I maintain embedded development C and C++ toolchains for a living. I have seen my share of compiler bugs. For example, some optimization pass in a popular open-source compiler that would lose track of dereferences of pointer variables if they were more than 12 bytes deep in the stack, meaning that a reference capture in a C++ lambda would get converted to a value capture if it was the third or later capture in order and changes to the referenced capture would be lost....

Anyway, my experience is that compiler bugs do exist, but maybe 99% or so of "compiler bugs" reported by my users turn out to be undefined behaviour in their code.

bregma | 3 years ago

Note also that "it's never a compiler bug" applies more to things like GCC and so on.

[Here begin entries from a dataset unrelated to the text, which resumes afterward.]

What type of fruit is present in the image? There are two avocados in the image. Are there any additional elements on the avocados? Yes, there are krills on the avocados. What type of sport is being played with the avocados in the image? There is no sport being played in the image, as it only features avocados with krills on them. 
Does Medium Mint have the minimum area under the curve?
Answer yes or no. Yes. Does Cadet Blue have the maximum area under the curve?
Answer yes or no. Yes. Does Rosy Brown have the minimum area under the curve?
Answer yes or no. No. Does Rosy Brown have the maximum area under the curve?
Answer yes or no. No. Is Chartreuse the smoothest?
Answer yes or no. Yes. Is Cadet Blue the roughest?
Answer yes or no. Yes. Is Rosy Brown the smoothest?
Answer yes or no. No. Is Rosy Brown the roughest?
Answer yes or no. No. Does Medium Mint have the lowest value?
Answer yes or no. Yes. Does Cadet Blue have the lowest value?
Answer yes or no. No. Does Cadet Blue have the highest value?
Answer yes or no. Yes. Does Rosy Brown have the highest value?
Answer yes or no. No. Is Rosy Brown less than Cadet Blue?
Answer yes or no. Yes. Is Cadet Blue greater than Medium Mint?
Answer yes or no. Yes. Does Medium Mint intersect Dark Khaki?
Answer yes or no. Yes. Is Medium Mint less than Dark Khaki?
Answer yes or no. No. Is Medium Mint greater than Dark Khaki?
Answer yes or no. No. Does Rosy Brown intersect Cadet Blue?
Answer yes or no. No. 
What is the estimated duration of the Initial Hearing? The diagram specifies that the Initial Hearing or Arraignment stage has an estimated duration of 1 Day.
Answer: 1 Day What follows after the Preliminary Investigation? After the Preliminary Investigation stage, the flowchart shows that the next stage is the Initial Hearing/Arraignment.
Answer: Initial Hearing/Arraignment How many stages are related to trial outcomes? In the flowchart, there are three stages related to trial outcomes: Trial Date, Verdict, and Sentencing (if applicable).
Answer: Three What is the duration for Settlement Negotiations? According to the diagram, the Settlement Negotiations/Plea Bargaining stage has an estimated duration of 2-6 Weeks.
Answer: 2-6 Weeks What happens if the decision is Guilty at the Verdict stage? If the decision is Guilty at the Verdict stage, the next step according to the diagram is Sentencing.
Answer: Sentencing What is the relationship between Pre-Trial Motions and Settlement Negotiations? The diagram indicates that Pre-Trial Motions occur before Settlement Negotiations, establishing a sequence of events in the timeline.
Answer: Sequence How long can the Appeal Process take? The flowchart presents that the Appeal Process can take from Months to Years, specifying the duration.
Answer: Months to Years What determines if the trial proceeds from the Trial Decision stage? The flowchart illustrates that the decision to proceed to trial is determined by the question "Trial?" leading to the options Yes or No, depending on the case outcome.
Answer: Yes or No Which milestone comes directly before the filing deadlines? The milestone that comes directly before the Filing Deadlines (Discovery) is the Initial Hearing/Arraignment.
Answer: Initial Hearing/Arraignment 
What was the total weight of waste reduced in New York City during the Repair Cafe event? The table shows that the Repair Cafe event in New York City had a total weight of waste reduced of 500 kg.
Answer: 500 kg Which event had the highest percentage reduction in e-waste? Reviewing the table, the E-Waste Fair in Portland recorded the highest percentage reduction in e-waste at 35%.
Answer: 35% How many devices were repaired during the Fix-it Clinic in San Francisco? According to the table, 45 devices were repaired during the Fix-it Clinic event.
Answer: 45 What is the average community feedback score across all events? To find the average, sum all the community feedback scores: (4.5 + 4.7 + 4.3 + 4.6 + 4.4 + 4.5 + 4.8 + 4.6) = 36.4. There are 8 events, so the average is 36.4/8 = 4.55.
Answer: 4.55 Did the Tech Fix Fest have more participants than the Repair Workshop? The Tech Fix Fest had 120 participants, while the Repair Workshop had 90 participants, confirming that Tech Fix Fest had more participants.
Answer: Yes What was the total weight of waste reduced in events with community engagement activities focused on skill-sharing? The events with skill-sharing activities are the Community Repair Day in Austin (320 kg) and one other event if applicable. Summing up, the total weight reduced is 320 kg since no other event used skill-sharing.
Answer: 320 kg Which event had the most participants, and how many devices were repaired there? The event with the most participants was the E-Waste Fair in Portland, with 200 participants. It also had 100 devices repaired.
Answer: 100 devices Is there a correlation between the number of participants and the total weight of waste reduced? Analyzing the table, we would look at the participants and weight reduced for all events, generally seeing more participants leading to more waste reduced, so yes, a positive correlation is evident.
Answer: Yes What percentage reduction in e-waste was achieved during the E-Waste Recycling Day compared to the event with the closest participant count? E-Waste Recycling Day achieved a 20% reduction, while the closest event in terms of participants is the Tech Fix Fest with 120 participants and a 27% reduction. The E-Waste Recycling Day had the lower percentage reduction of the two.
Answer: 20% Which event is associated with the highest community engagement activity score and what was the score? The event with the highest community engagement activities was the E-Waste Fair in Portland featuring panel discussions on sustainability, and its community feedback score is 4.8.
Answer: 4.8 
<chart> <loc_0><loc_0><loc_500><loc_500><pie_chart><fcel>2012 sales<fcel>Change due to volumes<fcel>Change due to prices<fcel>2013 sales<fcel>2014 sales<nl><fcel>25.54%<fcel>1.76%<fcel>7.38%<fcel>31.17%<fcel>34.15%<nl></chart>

If you're working with a new language or quickly changing, e.g. Nim, Crystal, etc, or even something as old as Rust, then it can much more easily just be a compiler bug...

coldtea | 3 years ago

Maintaining an application that still has Symbian users (some people are really conservative and like their Nokia E52s, plus there isn't as much malware for this dead OS), bugs in old GCCE are rather annoying.

Sometimes, for no reason, GCCE just crashes compiling totally innocent code. Usually, a minor rewrite of the logic helps, or even weird edits such as adding a new (useless) parameter to a method.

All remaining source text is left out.